The temptation for mission creep usually comes when funding is tight. A new opportunity presents itself, and the nonprofit finds itself following the money.

Mission creep might involve new constituencies, programs or geographic locations. It is different than planned growth and development because creep pulls attention from central functions and dilutes impact. Staff members find themselves confused and conflicted. Perhaps the new programs lie outside their skill sets.

The first safeguard is the right mission statement. It’s acceptable to modify an existing statement. It should be reviewed every five years or so, as part of a strategic planning process.

The important thing is to create a statement that is achievable and provides clear parameters. An organization’s unique capabilities and position in the universe of nonprofit activities should be taken into account.
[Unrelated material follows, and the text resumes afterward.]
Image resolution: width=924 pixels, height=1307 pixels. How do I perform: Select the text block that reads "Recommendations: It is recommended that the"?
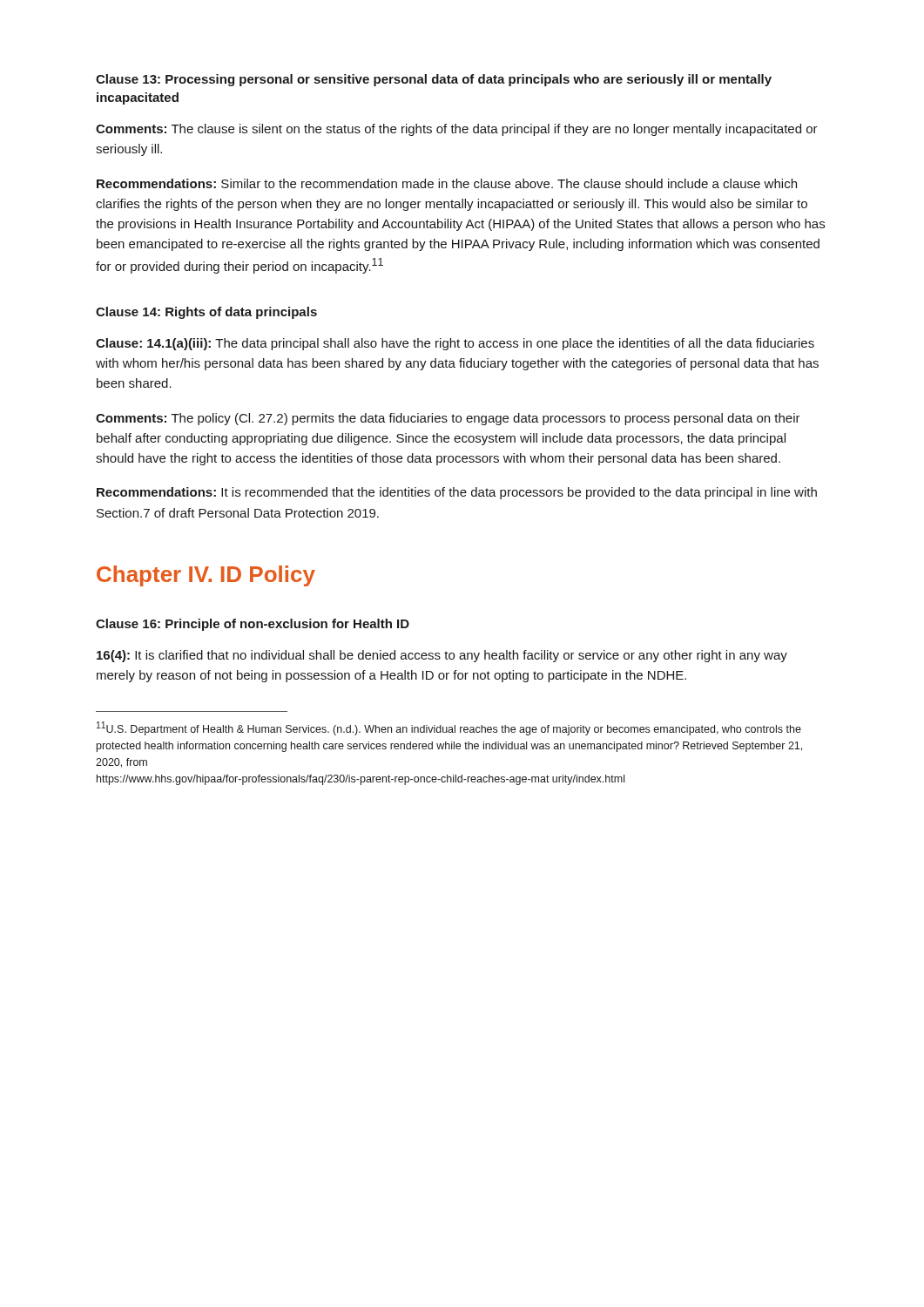pyautogui.click(x=457, y=502)

Reining in efforts that are spread too thin can deepen impact and strengthen the organization. By providing a clear picture of purpose and goals, a strong mission statement will engage and energize stakeholders, donors, clients and staff. Keep it succinct so people remember it.

To stay focused and guard against mission creep, a process to evaluate new program and service opportunities can be useful. Rather than jumping on brainstorms or invitations, an idea is evaluated according to an organization’s criteria.
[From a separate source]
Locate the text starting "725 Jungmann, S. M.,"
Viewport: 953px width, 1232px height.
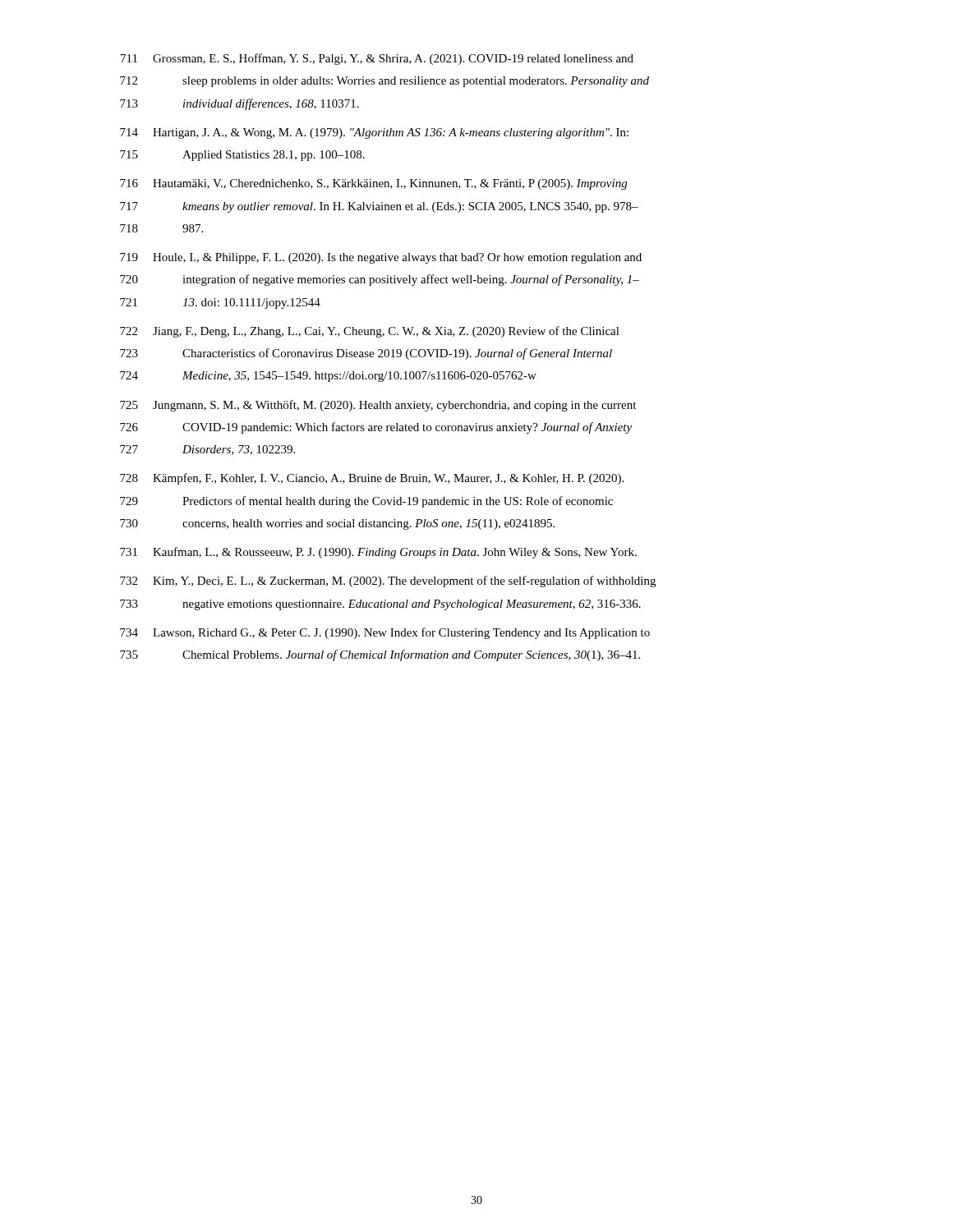click(x=476, y=405)

The following five-point process can be adapted to almost any type of nonprofit. First used in the New Hampshire Small Business Development Center, this outline can also be used as a format for strategic and action plans.  
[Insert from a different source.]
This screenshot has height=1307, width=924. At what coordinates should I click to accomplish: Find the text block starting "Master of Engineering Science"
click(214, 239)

  • Mission – The first step is to review the proposed project in light of the mission. Does it fall within the mission? Will it create positive impact for clients? Is it a logical fit for existing programs or services? Define the project as thoroughly as possible, including scope, timeline and deliverables. Be sure it fulfills existing, emerging or unmet client needs. Regarding competing opportunities, where does this one fall in terms of impact and leverage of existing efforts?
  • Partnerships – Partners, whether funders, stakeholders, agencies, universities or peer organizations, are essential to nonprofit success. They bring opportunity, diverse skill sets, credibility and complementary activities. Evaluate the project in light of partnerships, both those already involved and possible new ones. Will the project strengthen or erode partnerships? If the opportunity is presented by another entity, evaluate how working with that partner will affect existing key relationships.
  • Funding – Develop a budget for the project. Will additional staff or contractors be needed? Where will funding come from? Consider sustainability – i.e., keeping the project going once initial funding is gone. Be wary of hidden administrative and management costs. Each new project costs the organization in time and money. The net gain should be positive. If it isn’t, but the project is impossible to refuse, then at least the decision can be made understanding the true cost. In the best case, the project opens up new appropriate and mission-supportive funding avenues and long-term relationships.
  • Organizational impact – Identify the staff and other organizational resources needed to implement the project. Does existing staff have time or will new people or contractors be needed? Does the staff have the interest and expertise needed? Yes, people can be assigned but reluctant stewardship of a project is a ticket to underperformance and failure. Evaluate the proposed project in terms of organizational development goals. Is it the direction the organization wants to go? Is it innovative? How will it position the organization among peers and with the board and funding sources?
  • Communication and implementation – Implementing a new project requires communication – among staff, to clients and with partners. Evaluate the communication strategy and commitment needed to make the project a success. Will the organization be able to adequately communicate, promote and report on the project?

​These guidelines are suggestions, and each organization should identify its own specific criteria for project acceptance, further study or rejection. By creating a systematic process with the mission in mind, the projects with the best fit will be easily identified.